Several years ago, the push toward “click” chemistry and improved step economy drew renewed attention to functionalized lactones. Ease of conversion balanced with chemical selectivity gives the bromo-lactone a distinct edge. While some trends come and go, the need for predictable, multifunctional building blocks remains. This need keeps 4-Bromo-γ-Butyrolactone in circulation across universities, startups, and established chemical manufacturers.
There’s subtlety in the trends driving selection. Safety-minded institutions lean toward brominated options for manageable toxicity and clear protocols—long-standing MSDS documentation and regulatory familiarity greasing wheels for safe adoption. Smaller labs on tighter budgets appreciate bromo-lactone’s sweet spot between high performance and cost control.
As sustainability and safety march forward, the future may bring cleaner synthesis paths, improved waste handling, or viable alternatives for some routine uses. For now, 4-Bromo-γ-Butyrolactone remains integral to tackling tough synthetic challenges. Investing in better waste protocols, setting clear guidelines, and pushing for greener halogenation keeps its use responsible and future-focused.
Companies and labs investing in greener chemistry likely will push suppliers to improve purification, minimize contamination, and increase transparency. These shifts might not change how the bromo-lactone itself works in the reaction flask, but they shape the broader footprint of research and production. Trust grows when every stakeholder knows they’re getting a product with reliable documentation and predictable outcomes.

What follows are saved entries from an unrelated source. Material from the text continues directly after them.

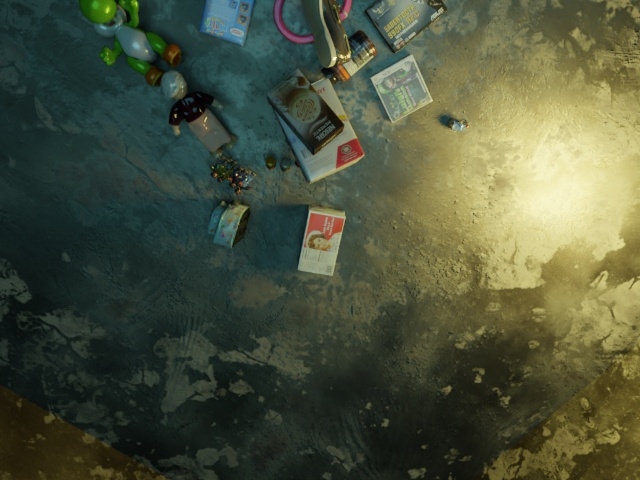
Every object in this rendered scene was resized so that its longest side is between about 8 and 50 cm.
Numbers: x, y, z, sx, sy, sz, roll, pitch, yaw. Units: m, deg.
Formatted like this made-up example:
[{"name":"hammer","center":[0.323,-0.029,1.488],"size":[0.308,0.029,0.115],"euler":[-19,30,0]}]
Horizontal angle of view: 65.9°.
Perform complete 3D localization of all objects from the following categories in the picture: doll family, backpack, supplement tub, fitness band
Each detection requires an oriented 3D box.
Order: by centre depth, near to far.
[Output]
[{"name":"fitness band","center":[-0.027,-0.818,1.713],"size":[0.290,0.054,0.209],"euler":[-35,109,9]},{"name":"supplement tub","center":[0.096,-0.645,1.760],"size":[0.198,0.106,0.106],"euler":[-38,109,12]},{"name":"doll family","center":[-0.341,-0.246,1.907],"size":[0.193,0.076,0.111],"euler":[32,104,-20]},{"name":"backpack","center":[-0.358,-0.061,1.920],"size":[0.144,0.188,0.166],"euler":[19,110,-10]}]

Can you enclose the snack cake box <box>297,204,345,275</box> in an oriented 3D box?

Most scientists who reach for 4-Bromo-γ-Butyrolactone aren’t just buying a bottle—they’re counting on years of research, tested batch consistency, and proven applications. The laboratory isn’t a place for “close enough” attitudes, especially where materials flow into sequences with tight margins for error. By sticking to higher-purity, rigorously characterized intermediates, researchers and industry partners sidestep the cost and frustration that comes from unexplained variance, lost time, or regulatory setbacks.
Choosing the right chemical intermediate can set the tone of an entire workflow. The 97% purity label isn’t just for compliance; it stands for trust, reproducibility, and saved effort across the lifecycle of research and production. At a time when accountability, safety, and innovation all matter more than ever, 4-Bromo-γ-Butyrolactone continues to earn its place.

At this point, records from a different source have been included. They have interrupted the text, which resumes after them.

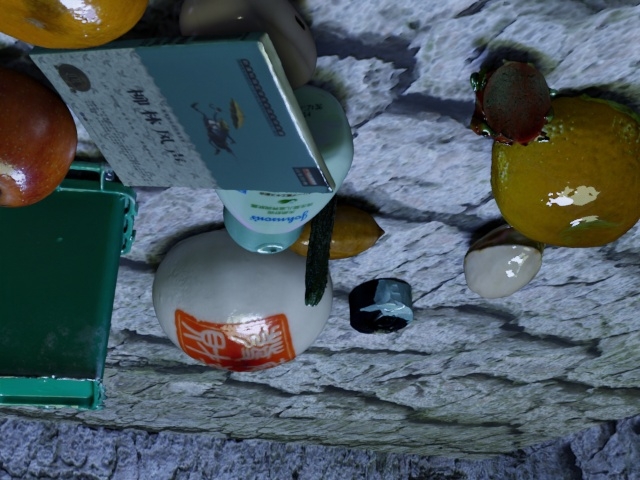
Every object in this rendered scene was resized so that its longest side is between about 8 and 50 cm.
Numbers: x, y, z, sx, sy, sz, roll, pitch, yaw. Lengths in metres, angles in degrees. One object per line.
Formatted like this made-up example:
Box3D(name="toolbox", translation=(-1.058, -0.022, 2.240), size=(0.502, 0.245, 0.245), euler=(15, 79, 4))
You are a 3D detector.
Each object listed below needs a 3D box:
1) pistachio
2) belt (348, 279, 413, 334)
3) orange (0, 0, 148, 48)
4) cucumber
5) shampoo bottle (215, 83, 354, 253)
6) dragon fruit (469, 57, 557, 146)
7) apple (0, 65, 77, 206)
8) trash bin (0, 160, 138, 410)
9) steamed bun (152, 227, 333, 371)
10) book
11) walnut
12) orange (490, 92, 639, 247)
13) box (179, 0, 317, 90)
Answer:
Box3D(name="pistachio", translation=(0.366, 0.039, 1.741), size=(0.144, 0.144, 0.215), euler=(6, 147, -18))
Box3D(name="belt", translation=(0.144, 0.157, 2.025), size=(0.151, 0.078, 0.198), euler=(3, 153, -8))
Box3D(name="orange", translation=(-0.291, -0.304, 0.903), size=(0.240, 0.171, 0.240), euler=(12, 170, 2))
Box3D(name="cucumber", translation=(-0.001, 0.000, 1.475), size=(0.044, 0.257, 0.043), euler=(13, 149, -11))
Box3D(name="shampoo bottle", translation=(-0.075, -0.097, 1.387), size=(0.222, 0.151, 0.349), euler=(-4, 156, -14))
Box3D(name="dragon fruit", translation=(0.273, -0.188, 1.267), size=(0.138, 0.142, 0.175), euler=(-38, 176, -5))
Box3D(name="apple", translation=(-0.469, -0.141, 1.231), size=(0.235, 0.173, 0.210), euler=(-2, 154, 1))
Box3D(name="trash bin", translation=(-0.437, 0.070, 1.436), size=(0.259, 0.381, 0.295), euler=(3, 154, -13))
Box3D(name="steamed bun", translation=(-0.160, 0.142, 1.782), size=(0.374, 0.241, 0.374), euler=(2, 156, 1))
Box3D(name="book", translation=(-0.183, -0.164, 1.168), size=(0.379, 0.031, 0.264), euler=(4, 142, 30))
Box3D(name="walnut", translation=(0.025, -0.017, 1.626), size=(0.207, 0.116, 0.116), euler=(-2, 155, -18))
Box3D(name="orange", translation=(0.414, -0.093, 1.444), size=(0.262, 0.196, 0.334), euler=(6, 164, 13))
Box3D(name="box", translation=(-0.090, -0.258, 1.119), size=(0.146, 0.088, 0.200), euler=(-12, 152, 25))

Best practice for anyone using 4-Bromo-γ-Butyrolactone: keep documentation up to date, stick with suppliers who offer detailed CoAs, and invest in in-house quality checks. Train every team member on safe handling and quick response to spills or exposures—ordinary reminders make for extraordinary safety records.
In planning new routes or scaling existing ones, factor in both immediate laboratory needs and the bigger picture of waste handling and environmental impact. Regular reviews of storage practices, training, and disposal protocols not only support compliance but also underscore a culture of shared responsibility. From green chemistry to lean production cycles, every improvement in how intermediates like this are managed pays back in efficiency, safety, and credibility.
4-Bromo-γ-Butyrolactone (97%) stands as more than just another item on a lab shelf. Its clear advantages—predictable reactivity, high purity, and established safety protocols—place it in demand across a spectrum of research and industrial applications. Its track record speaks to the kinds of partnerships that thrive on reliability, adaptability, and the willingness to keep improving practices for research, safety, and sustainability.